During dinner she said: "I don't feel like staying in from now until bedtime. You'll want to finish your letter, of course, so I think, if you don't mind, I'll go to the local kinema."

"You can't go alone, can you?"

"There's nobody can very easily stop me, is there? You don't want to come with me, I suppose?"

"I'm afraid I don't care for kinemas much? Isn't there a theatre somewhere?"

"No. Only a kinema. I looked in the Seacliffe Gazette. In the summer there are Pierrots on the sands, of course."

"So you want to go alone to the kinema?"

"Yes."

"All right. But I'll meet you when it's over. Half-past ten, I suppose?"

"Probably about then. You don't mind me leaving you for a few hours, do you?"

"Oh, not at all. I hope you have a good time. I'm sure I can quite understand you being bored with Seacliffe. It's the deadest hole I've ever struck."

"But it's doing you good, isn't it?"

"Oh, yes, I daresay it is in that way."

She added, after a pause: "When you get back to the lounge you'll wonder where you put your half-written letter."

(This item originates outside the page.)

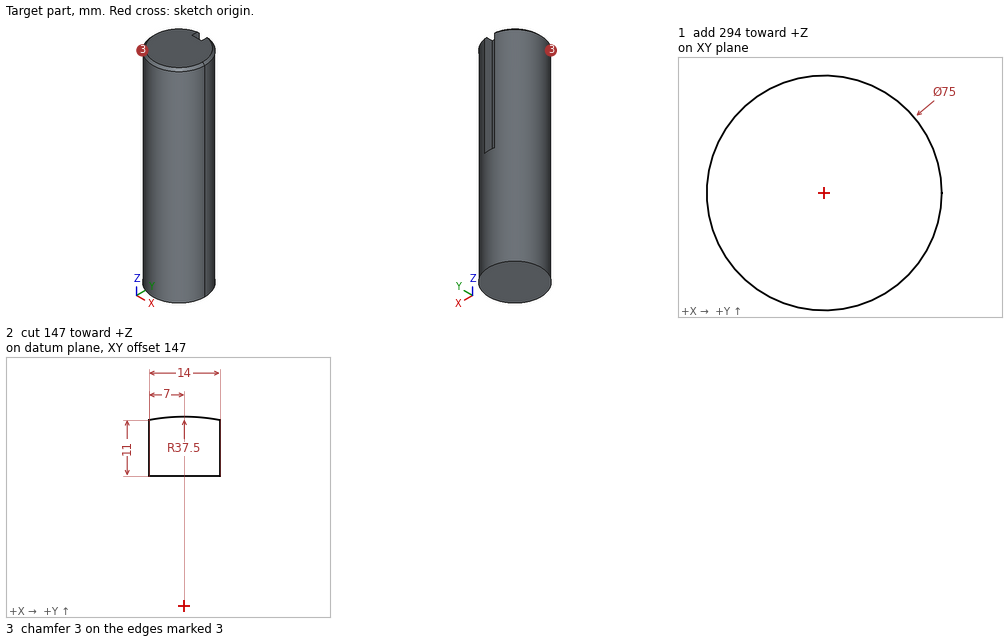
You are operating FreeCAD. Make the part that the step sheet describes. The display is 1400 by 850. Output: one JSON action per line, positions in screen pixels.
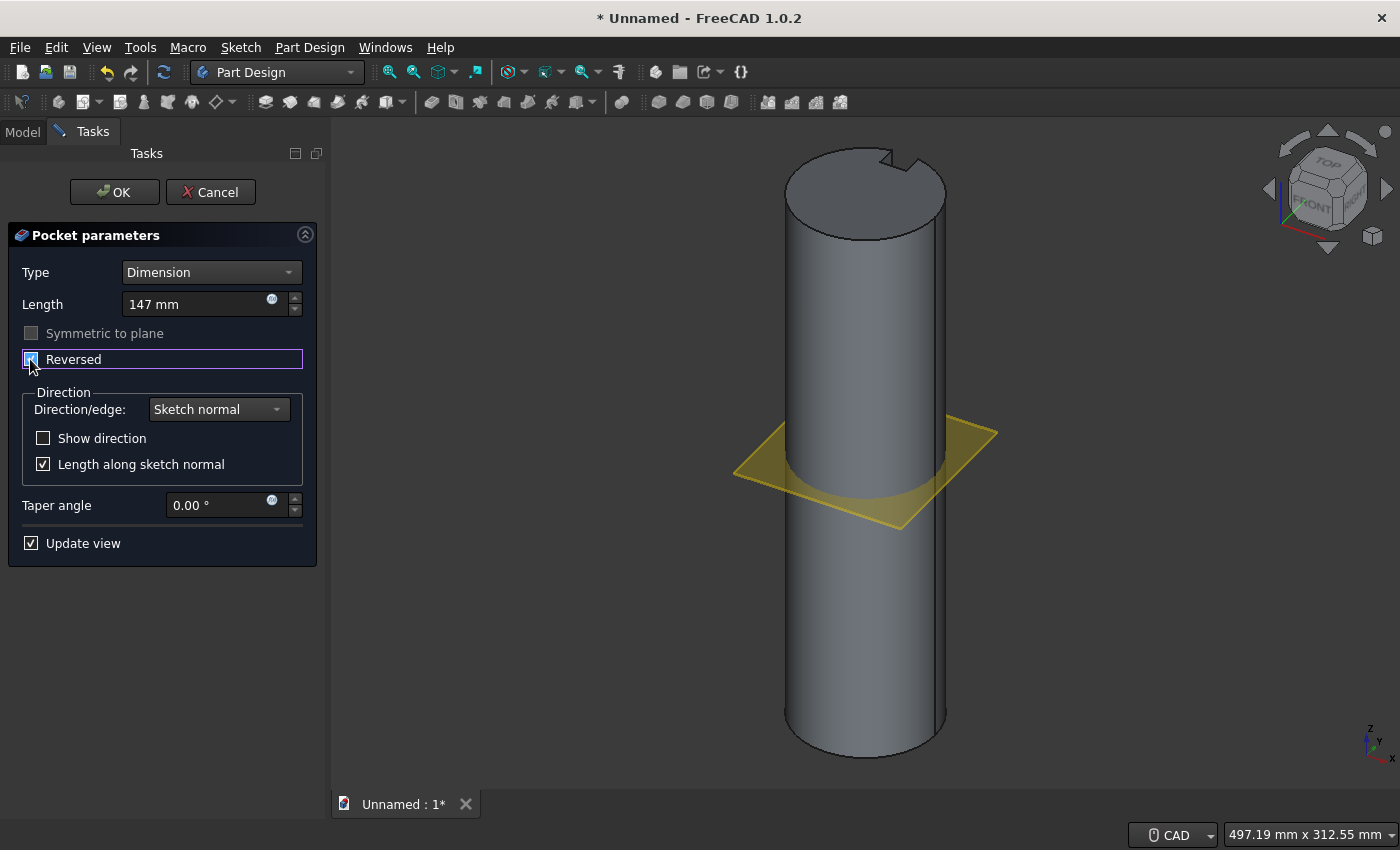
{"action": "left_click", "coordinate": [115, 192]}

"What do you mean?" He suddenly felt in his inside coat-pocket. "Why—where is it? I thought I put it in my pocket. Who's got it? Have you?"

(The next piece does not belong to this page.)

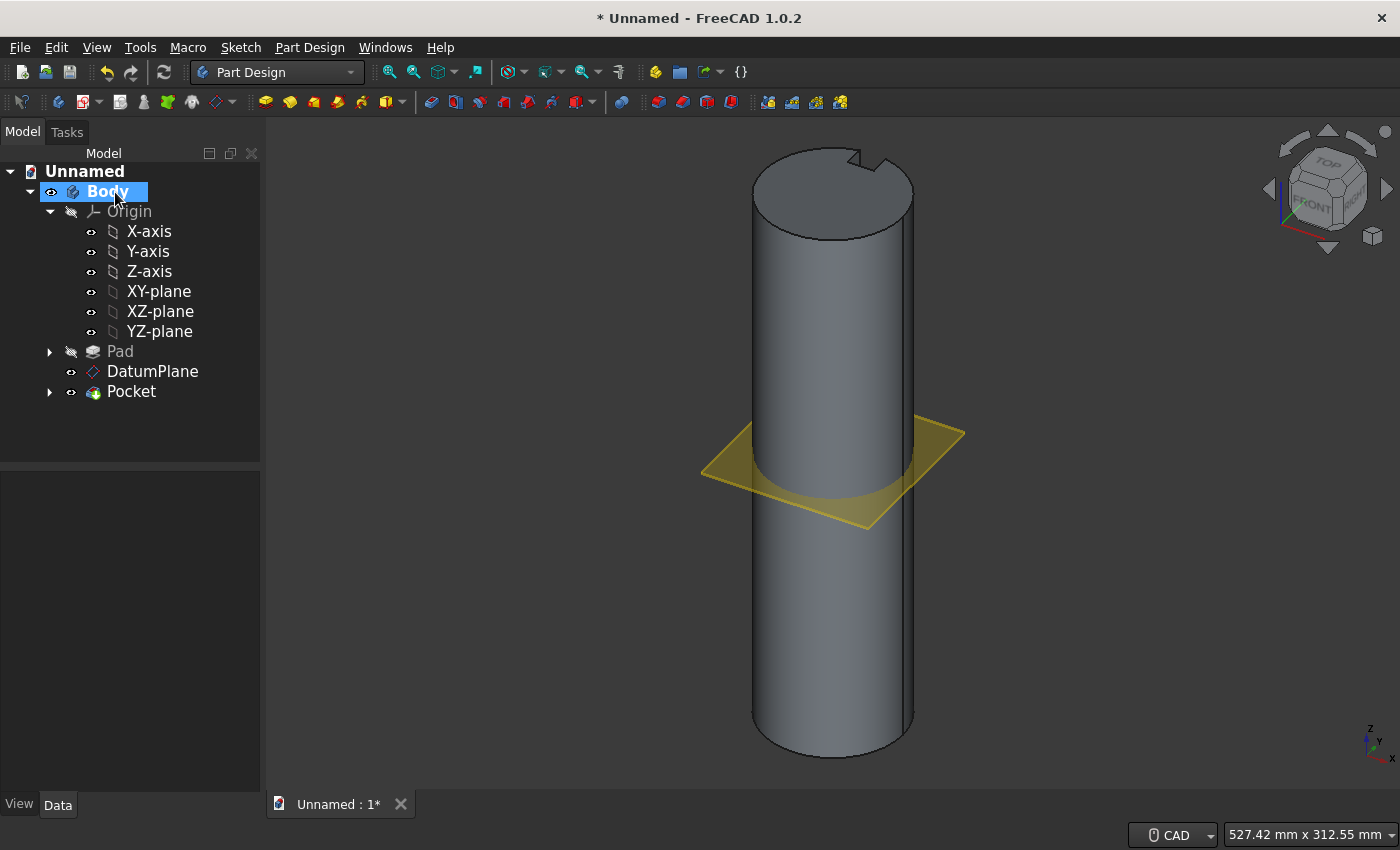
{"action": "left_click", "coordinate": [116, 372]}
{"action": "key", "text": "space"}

"Yes. You thought you put it in your pocket, I know. But you didn't. You left it on the writing table and I picked it up when you weren't looking."

"Then you have got it?"

"Yes, I have got it."

He went red with rage. "Helen, I don't want to make a scene in front of the servants, but I insist on you giving up to me that letter. You've absolutely no right to it, and I demand that you give it me immediately."

"You shall have it after I've read it."

"Good God, Helen, don't play the fool with me! I want it now, this minute! Understand, I mean it! I want it now!"

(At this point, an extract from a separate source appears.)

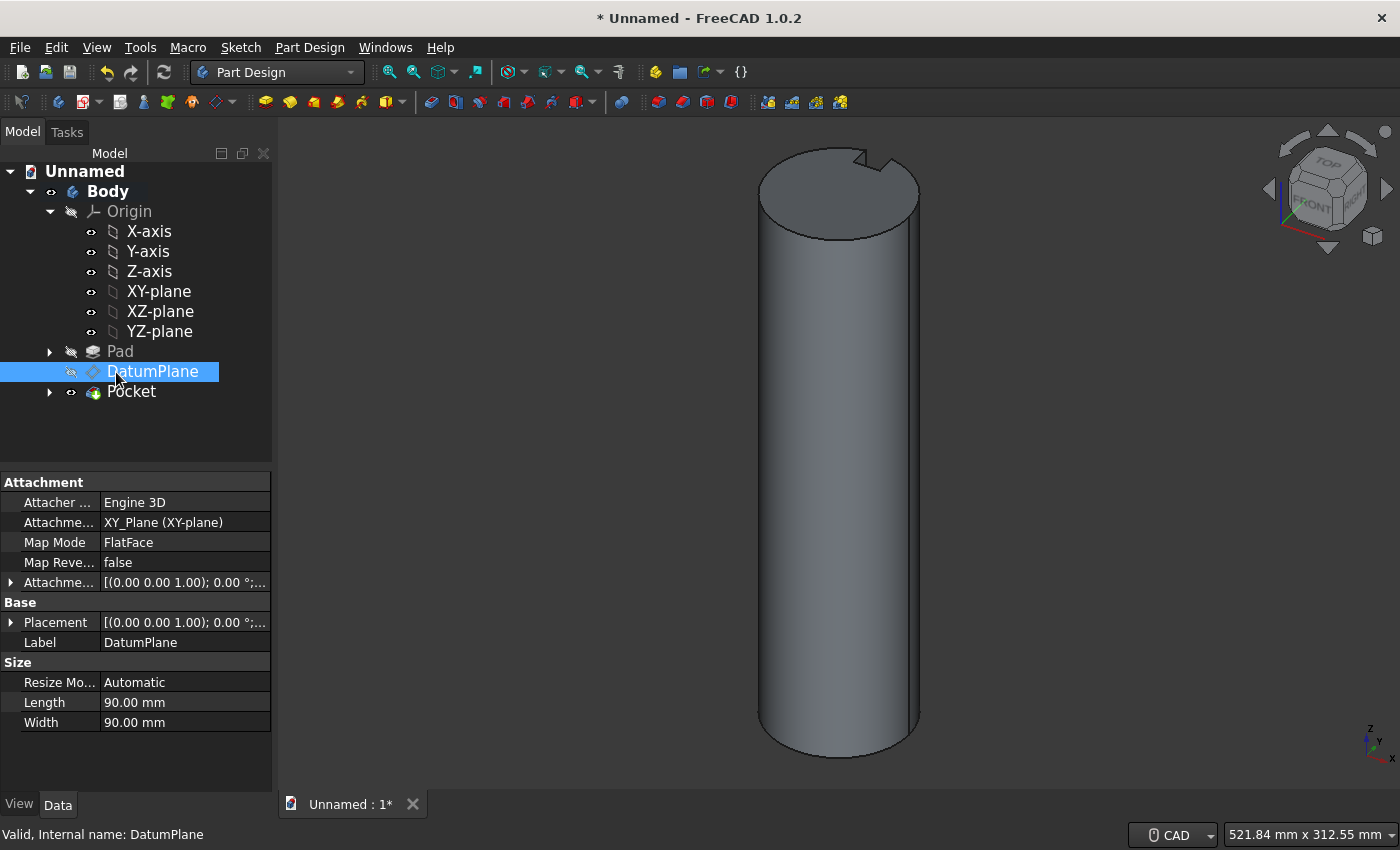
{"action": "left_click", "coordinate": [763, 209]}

"And I shan't give it to you."

He suddenly looked round the room. There was nobody there; the waitress was away; the two of them were quite alone. He rose out of his chair and with a second cautious glance round him went over to her and seized her by the neck with one hand while with the other he felt in her corsage for the letter. He knew that was where she would have put it. The very surprise of his movement made it successful. In another moment he had the letter in his hand. He stood above her, grim and angry, flaunting the letter high above her head. She made an upward spring for his hand, and he, startled by her quick retaliation, crumpled the letter into a heap and flung it into the fire at the side of the room. Then they both stared at each other in silence.

"So it's come to that," she said, her face very white. She placed her hand to her breast and said: "By the way, you've hurt me."

He replied: "I'm sorry if I hurt you. I didn't intend to. I simply wanted to get the letter, that's all."

"All right," she answered. "I'll excuse you for hurting me."

Then the waitress entered with the sweet and their conversation was abruptly interrupted.

After dinner he went back into the lounge and took up an illustrated paper. Somehow, he did not feel inclined to try to rewrite the letter to Clare. And in any case, he could not have remembered more than bits of it; it would have to be a fresh letter if he wrote at all.

Helen came downstairs to him with hat and coat on ready for outdoors.

"Good-bye," she said, "I'm going."

He said: "Hadn't I better take you down to the place? I don't mind a bit of a walk, you know."

She answered: "Oh, no, don't bother. It's not far. You get on with your letter-writing."

Then she paused almost at the door of the lounge, and said, coming back to him suddenly: "Kiss me before I go, Kenneth."

He kissed her. Then she smiled and went out.

An hour later he started another letter to Clare.

"MY DEAR, dear CLARE,—I'm so pleased it has not all come to an end! ... All those hours we spent together, all the work we have shared, all our joy and laughter and sympathy together—it could not have counted for nothing, could it? We dare not have put an end to it; we should fear being haunted all our lives. We ..."

Then the tired feeling came on him, and he no longer wanted to write, not even to Clare. He put the hardly-begun letter in his pocket—carefully, this time—and took up the illustrated paper again. He half wished he had gone with Helen to the kinema.... A quarter to ten.... It would soon be time for him to stroll out and meet her.